Finding the Right Path: How Treatment Goals Shape Daily Management

Treatment for congenital adrenal hyperplasia, often shortened to CAH, focuses on several important goals that go beyond simply taking medication each day. The main aim is to restore the balance of hormones that the body cannot produce on its own, which helps prevent life-threatening emergencies and supports healthy development throughout life. For children, this means ensuring they grow at a normal rate and go through puberty at the right time. For adults, treatment helps maintain energy levels, blood pressure control, and overall quality of life.^[1]

The treatment approach must be carefully tailored to each person’s specific situation. Someone with the severe classic form of CAH, which appears at birth or in early infancy, will need a very different treatment plan than someone with the milder nonclassic form, which might not become obvious until childhood or even adulthood. Medical professionals also consider the person’s age, the specific enzyme that is lacking, and whether they experience problems with salt balance in their body.^[2]

Beyond these immediate concerns, treatment aims to prevent long-term complications that can develop over many years. These may include problems with bone strength, difficulties with fertility, challenges with blood sugar control, and impacts on mental and emotional health. Because CAH affects people throughout their entire lives, the treatment plan must adapt as they move from infancy through childhood, adolescence, and into adulthood. Regular monitoring and adjustments help ensure that hormone levels stay as close to normal as possible without causing unwanted side effects.^[4]

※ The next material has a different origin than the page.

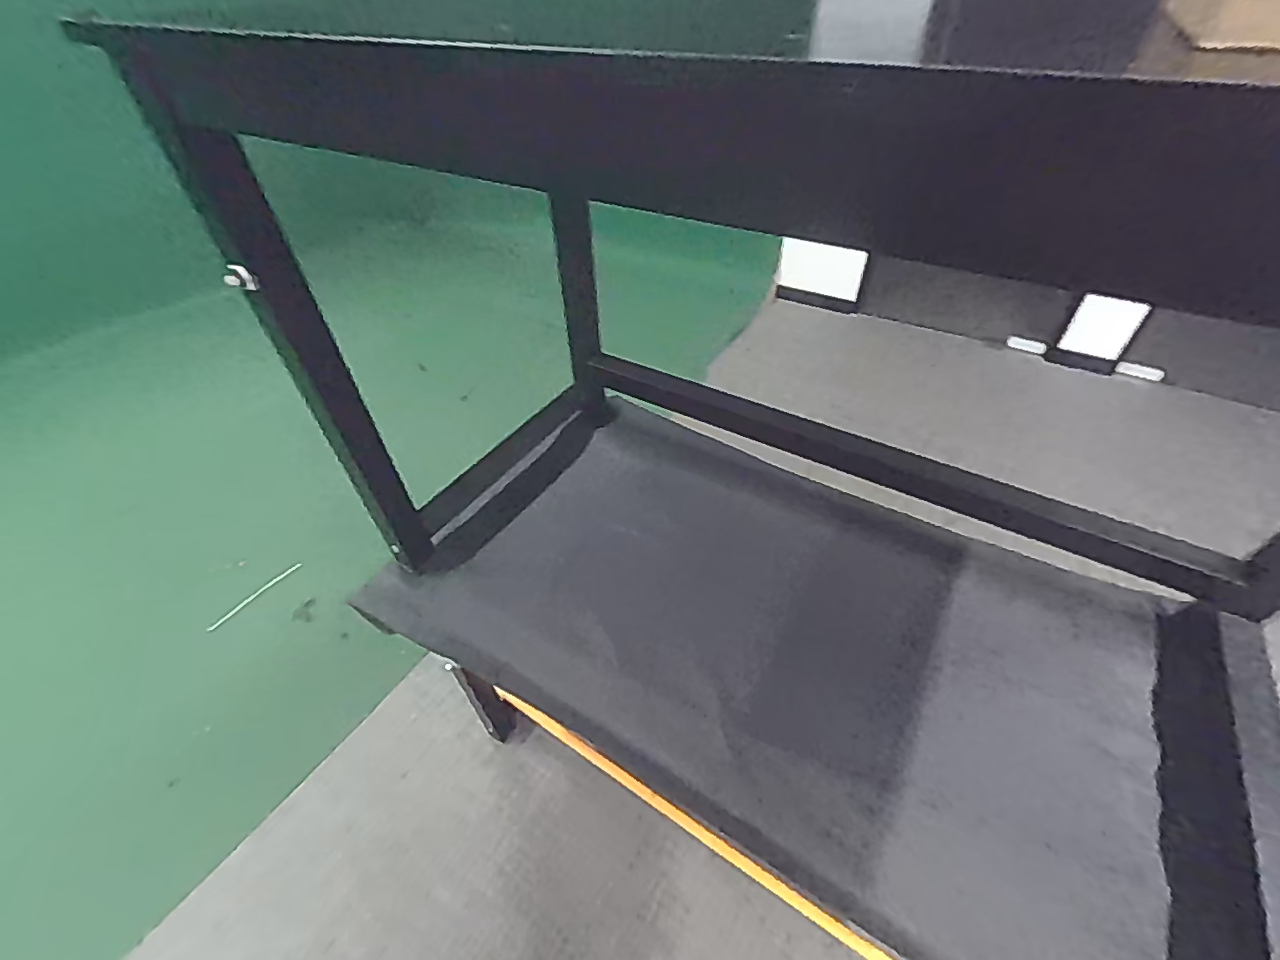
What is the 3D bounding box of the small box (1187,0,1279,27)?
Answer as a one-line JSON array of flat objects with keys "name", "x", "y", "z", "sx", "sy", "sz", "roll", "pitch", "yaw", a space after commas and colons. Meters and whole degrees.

Medical societies around the world have developed guidelines based on years of research and clinical experience. These guidelines help doctors provide consistent, evidence-based care. At the same time, researchers continue to explore new therapies that might offer better control of hormone levels with fewer side effects, including studies of experimental drugs and innovative approaches like gene therapy. Some of these newer treatments are currently being tested in clinical trials, which are carefully designed research studies that evaluate whether new therapies are safe and effective before they become widely available.^[6]

Standard Treatment Approaches: Replacing What the Body Cannot Make

The cornerstone of CAH treatment involves replacing the hormones that the adrenal glands cannot produce in sufficient amounts. For most people with classic CAH, this means taking glucocorticoid medications, which are substances that act like the hormone cortisol in the body. Cortisol plays a crucial role in helping the body respond to stress, illness, and injury. It also helps regulate blood sugar levels and blood pressure. Without enough cortisol, a person can develop a dangerous condition called adrenal crisis, which requires immediate emergency treatment.^[7]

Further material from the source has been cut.